There are a number of benefits organizations will find by integrating cyber security processes at the outset. Not only will it strengthen digital transformation projects, but it will also address risk management; reduce the complexity of security architectures and operational models; add value to the digital business team and prioritize areas of business-critical risk, the report notes.

Whether CISOs and other security leaders are brought into conversations at the outset all depends on the individual organization and culture and the industry you’re in, observes Randall Frietzsche, enterprise Chief Information Security Officer (CISO) at Denver Health. In his organization, it’s not an issue, he adds.

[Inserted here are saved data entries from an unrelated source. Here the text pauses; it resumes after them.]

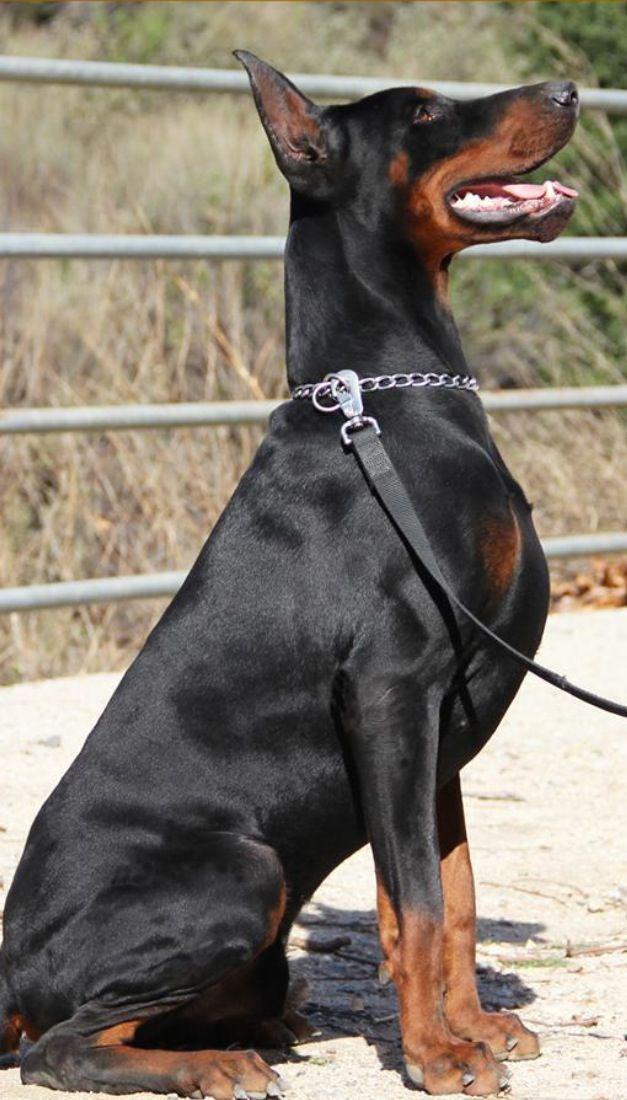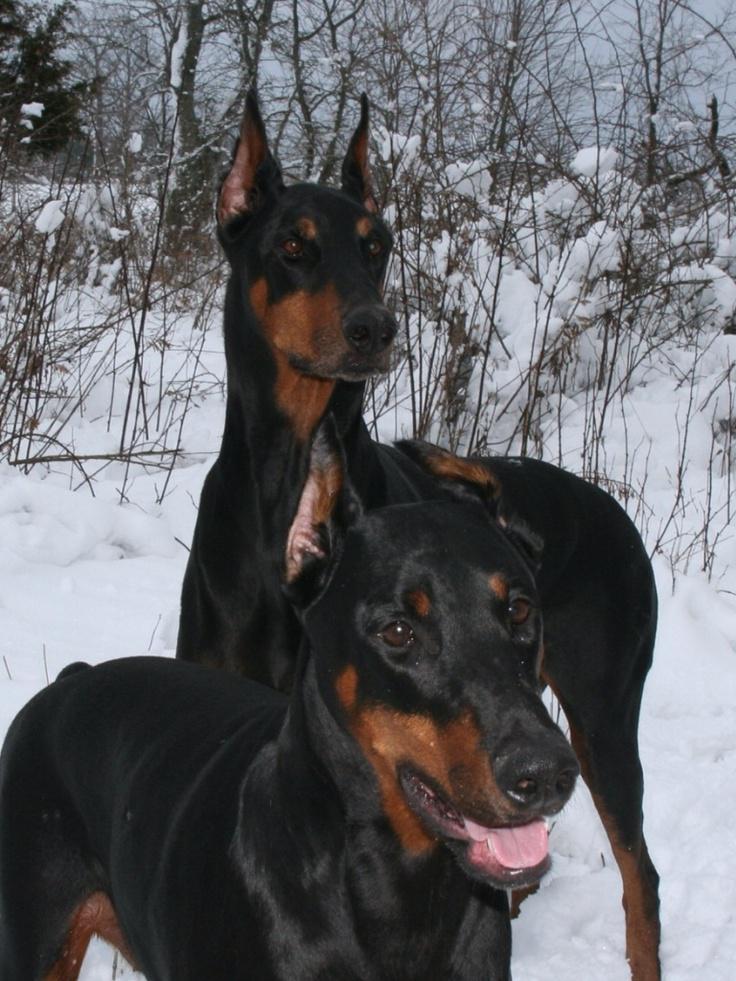The first image is the image on the left, the second image is the image on the right. For the images shown, is this caption "Two dogs are sleeping on a couch in the left image." true? Answer yes or no. No. The first image is the image on the left, the second image is the image on the right. Considering the images on both sides, is "Each image contains two dobermans, and the left image depicts dobermans reclining on a sofa." valid? Answer yes or no. No. 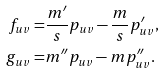<formula> <loc_0><loc_0><loc_500><loc_500>f _ { u v } = & \frac { m ^ { \prime } } { s } p _ { u v } - \frac { m } { s } p _ { u v } ^ { \prime } , \\ g _ { u v } = & m ^ { \prime \prime } p _ { u v } - m p _ { u v } ^ { \prime \prime } .</formula> 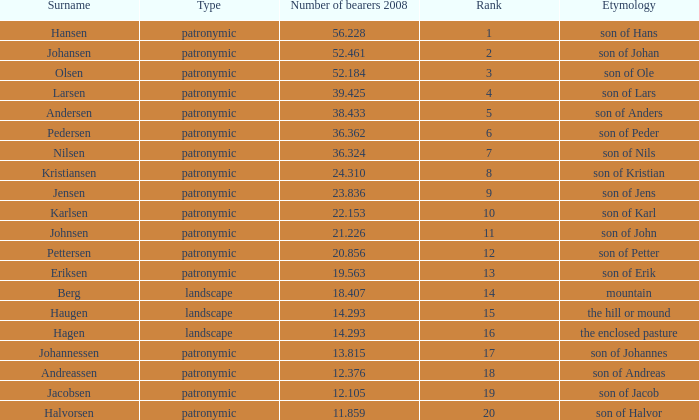What is Type, when Rank is greater than 6, when Number of Bearers 2008 is greater than 13.815, and when Surname is Eriksen? Patronymic. 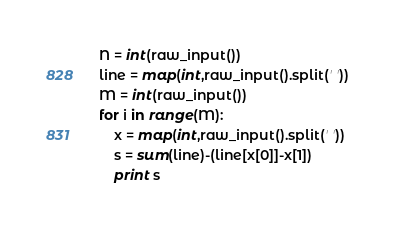Convert code to text. <code><loc_0><loc_0><loc_500><loc_500><_Python_>N = int(raw_input())
line = map(int,raw_input().split(' '))
M = int(raw_input())
for i in range(M):
    x = map(int,raw_input().split(' '))
    s = sum(line)-(line[x[0]]-x[1])
    print s
</code>

The “board and executive teams are very concerned about protecting patient information,” he says, “so they invest in cyber security leadership and they support our initiatives and give us money when we ask for it and support us when we want to do something that some organizations would say no to.”

Frietzsche eats and breaths risk management, not surprising given that healthcare is a highly regulated industry. When a digital initiative is being proposed, IT and security professionals “need to understand how to build that infrastructure …not only how to secure [data] as it sits, but also as it talks,” says Frietzsche. That means knowing who people are sharing data with, how the data is secured both in transmission and at rest – and what legal agreements are needed to reduce risk, protecting the organization/customers, and what regulatory requirements are in place.

Bringing the cloud into the mix

As more digital transformation initiatives are deployed in enterprises, a big security risk continues to be a decidedly old-fashioned technology: passwords, Frietzsche notes, especially with so much data today residing in the public cloud. While an obsolete technology, passwords remain something we still rely on so much today, he says. And they are easily hackable.

“So we have to all learn about the different types of clouds and what you’re responsible for,’’ he says. For example, AWS will assume responsibility for the security of the cloud infrastructure, but the data you put in is your responsibility, “and sometimes, we don’t realize that, and we think “Oh, Amazon has security and now your stuff is out there, and it’s exposed.”

Cloud computing is the biggest risk, he stresses, because despite all the benefits it provides, “we’re transforming how we store and where we store” information.

“As we transform,” he adds, “we have to make sure we’re accounting for additional security problems that come with that and where we go wrong is making [security] onerous for users.”

This requires continuous threat intelligence on the part of security teams, Frietzsche says.

What he worries about pretty much hasn’t changed -- whether it’s a digital initiative or day to day security concerns – it remains ransomware and email phishing attacks. “In the old days, hackers tried to break your firewall,’’ he says. “Today, they’re just phishing your users.”

Yet, CISOs like Frietzsche know that digital transformation is an ongoing process in most organizations today and it will likely continue as long as technology keeps evolving. For security professionals, it means staying hyper vigilant.